BooksForKidsBlog

Monday, May 12, 2014

Point of View: Big Bug by Henry Cole

Who is big? How big is big?

It's all relative in Henry Cole's little essay on perspective in his newest, Big Bug (Little Simon Books, 2014).

Cole begins with a zoomed-in view of part of that popular polka-dotted bug, the ladybug. She looks enormous. But zoom out a little and she's quite small, dwarfed by the intricately veined, bright-green leaf upon which she sits.

But wait! There's more!

Zoom out further and the leaf looks sort of small on its big many-petaled daisy, and our ladybug is but a dot. But what is the daisy, compared to the big dog snoring beside the little flower?

With each page turn, Cole dramatically widens his lens. The dog is not so big next to a huge cow. Cows are really huge, right?

But on the next page Cole provides an even wider view, continuing to widen his view until his eye in the sky shows the whole farm in its proper perspective, large fenced fields, big barn, smaller farmhouse, even smaller cow, and tiny flower. The ladybug has shrunk out of sight! Oh, no!

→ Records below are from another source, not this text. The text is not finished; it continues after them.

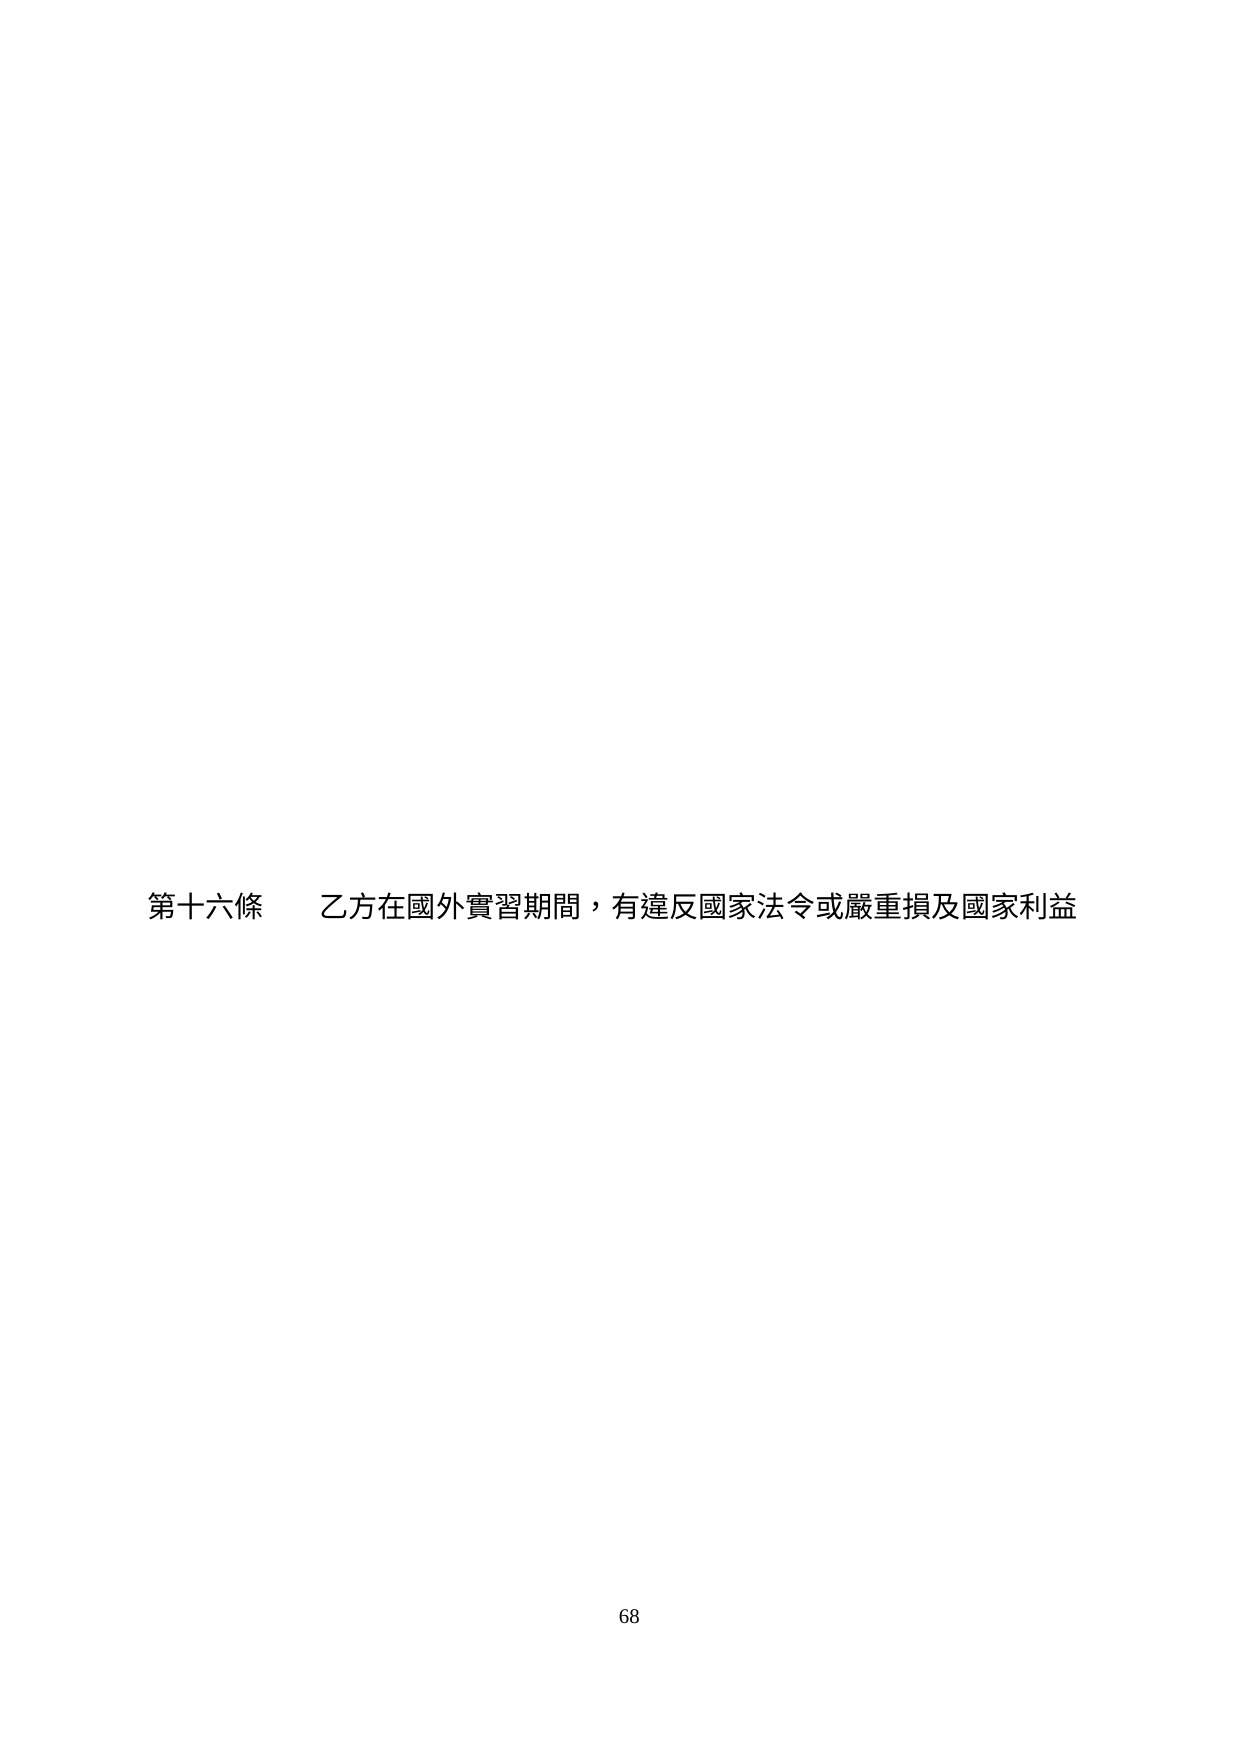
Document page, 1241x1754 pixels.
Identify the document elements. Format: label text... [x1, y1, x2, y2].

table_cell 第十六條 [136, 863, 308, 926]
table_cell [136, 801, 308, 863]
table_cell [308, 801, 1092, 863]
table_cell 乙方在國外實習期間，有違反國家法令或嚴重損及國家利益 [308, 863, 1092, 926]
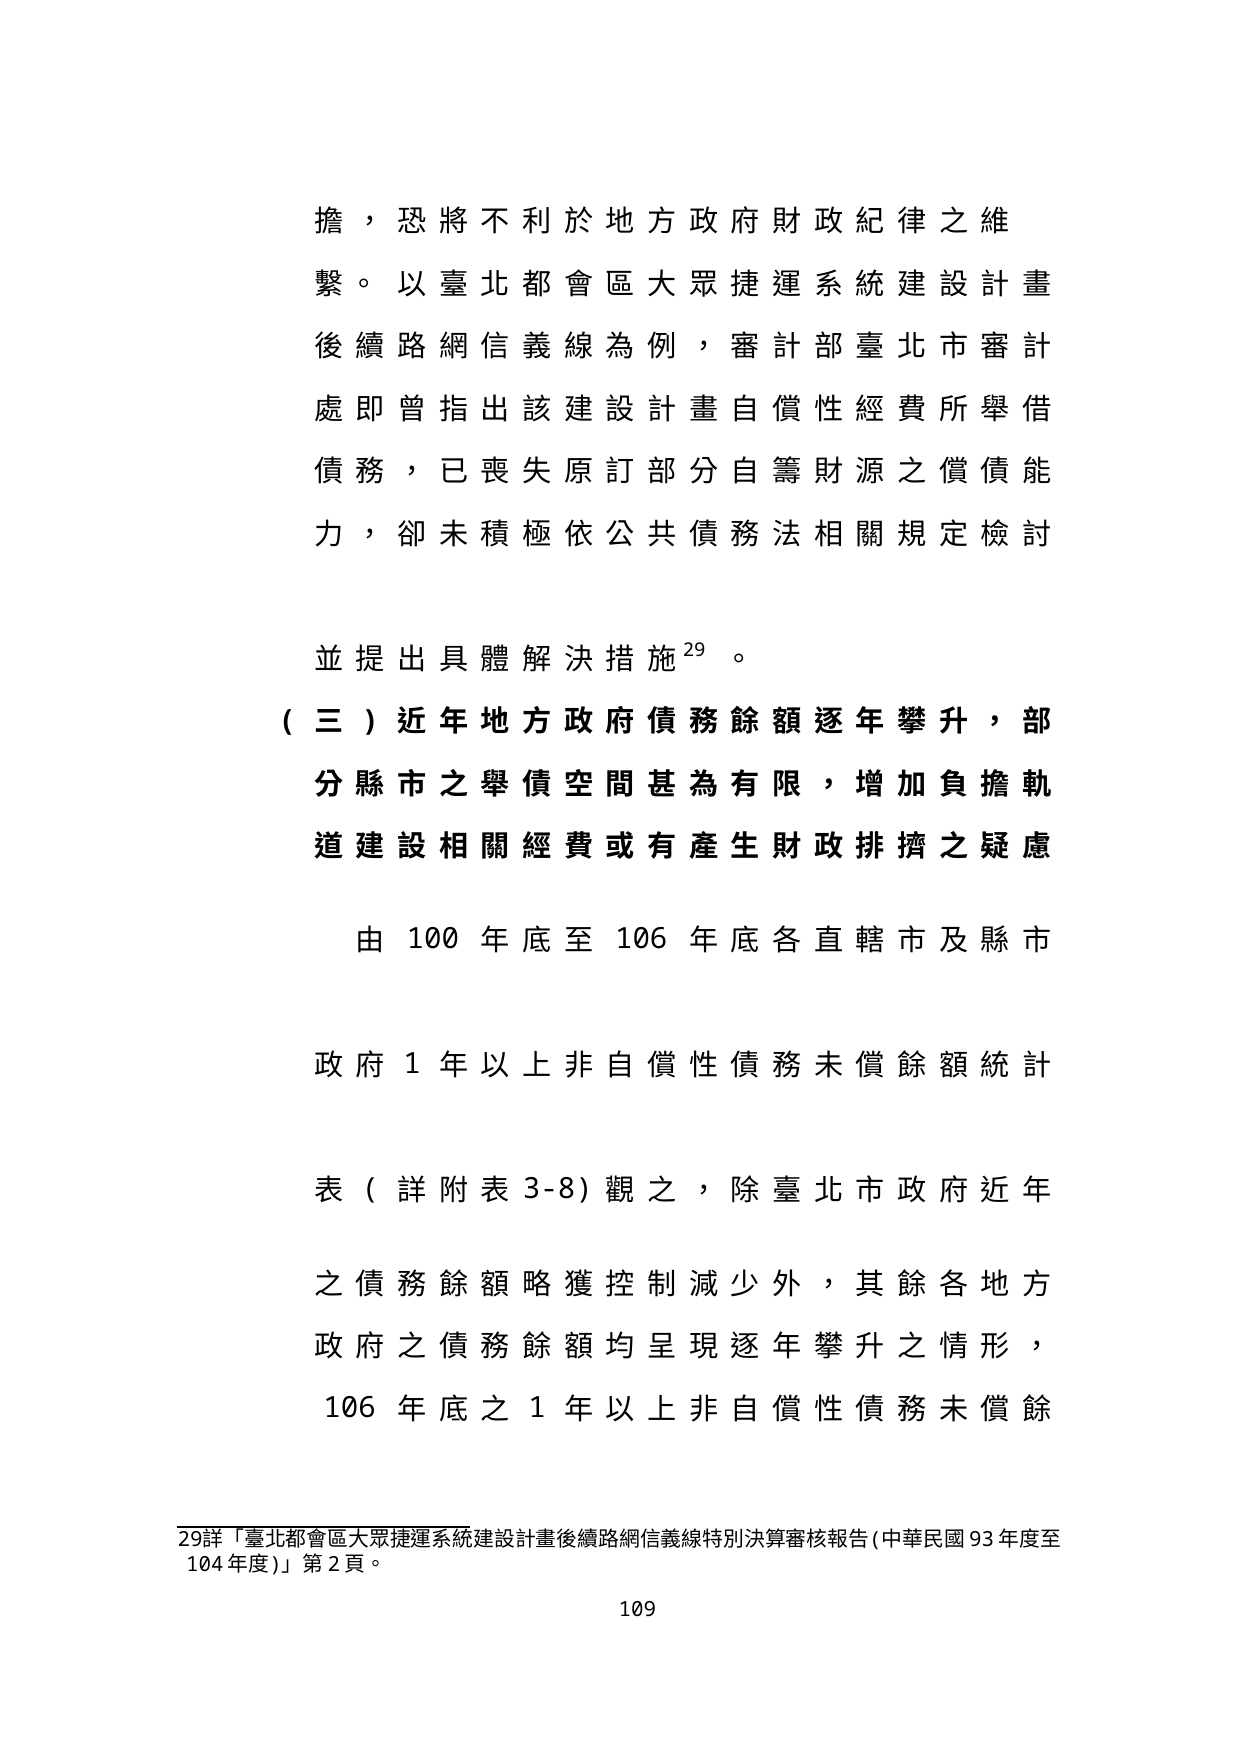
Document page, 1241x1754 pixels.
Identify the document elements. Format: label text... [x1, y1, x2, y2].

But in a reassuring return to the micro view, Cole reverses his perspective and zooms back down to show his dog, taking a little nap, with the ladybug snug in her own world.

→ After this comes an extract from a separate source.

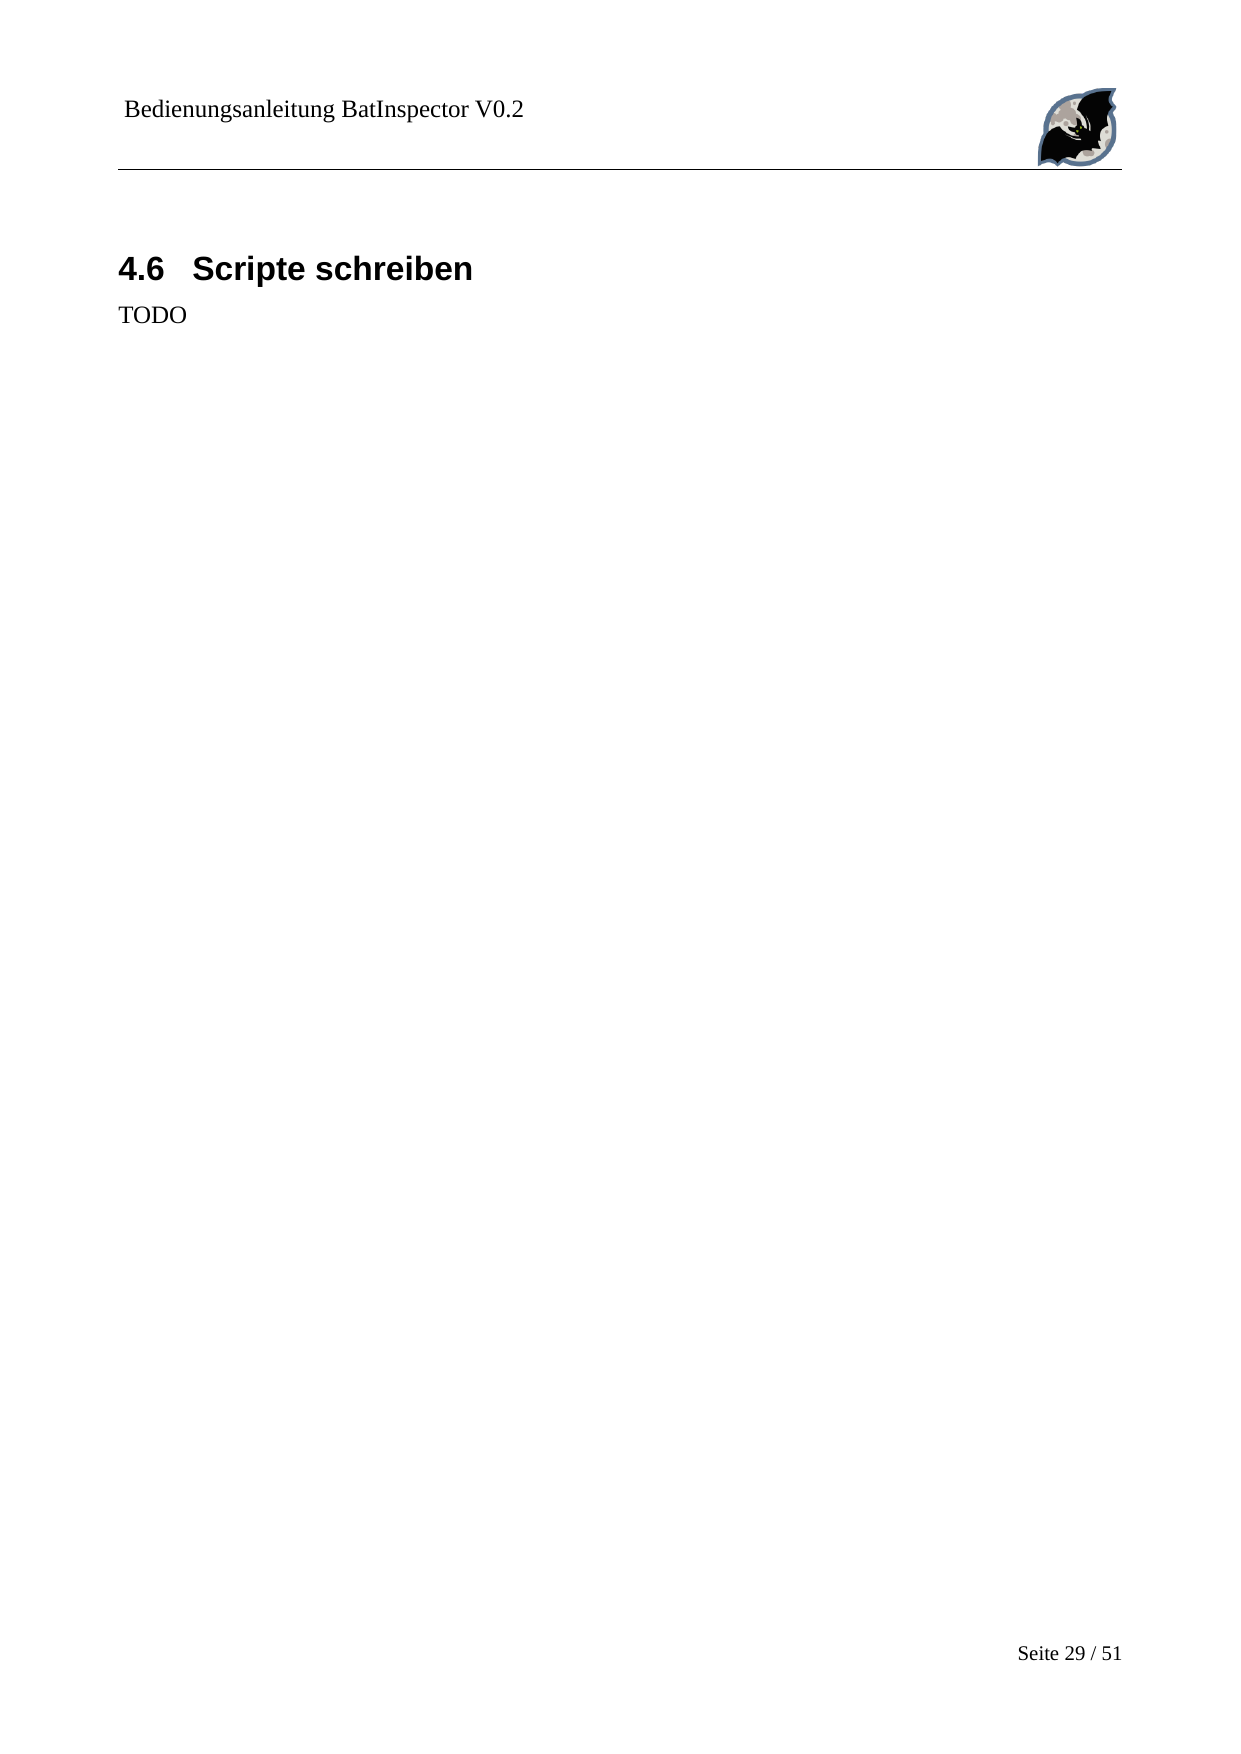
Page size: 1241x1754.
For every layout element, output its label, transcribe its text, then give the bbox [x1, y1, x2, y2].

picture [1037, 88, 1117, 167]
text TODO [118, 300, 1122, 329]
subtitle Scripte schreiben [118, 249, 1122, 288]

Notable artist Henry Cole seems to prefer farm settings for his humorous illustrations, but this one offers more than just funny pigs and chickens. It is itself a little lesson in relative size, perspective in mental concept as well as in drawing, narrated with words which teach the concept of size. Seeing the world from above is also a necessary mental concept toward understanding mapping, and this seemingly simple little book offers more than its cheery farm setting. Cole even sets the text within endpapers which reinforce his premise. The opening endpapers feature dozens and dozens of tiny ladybugs, while the ending papers show the now familiar black circle within its red carapace. This one is a mind-opening concept book for tots and an easy introduction to reading for the early emergent reader.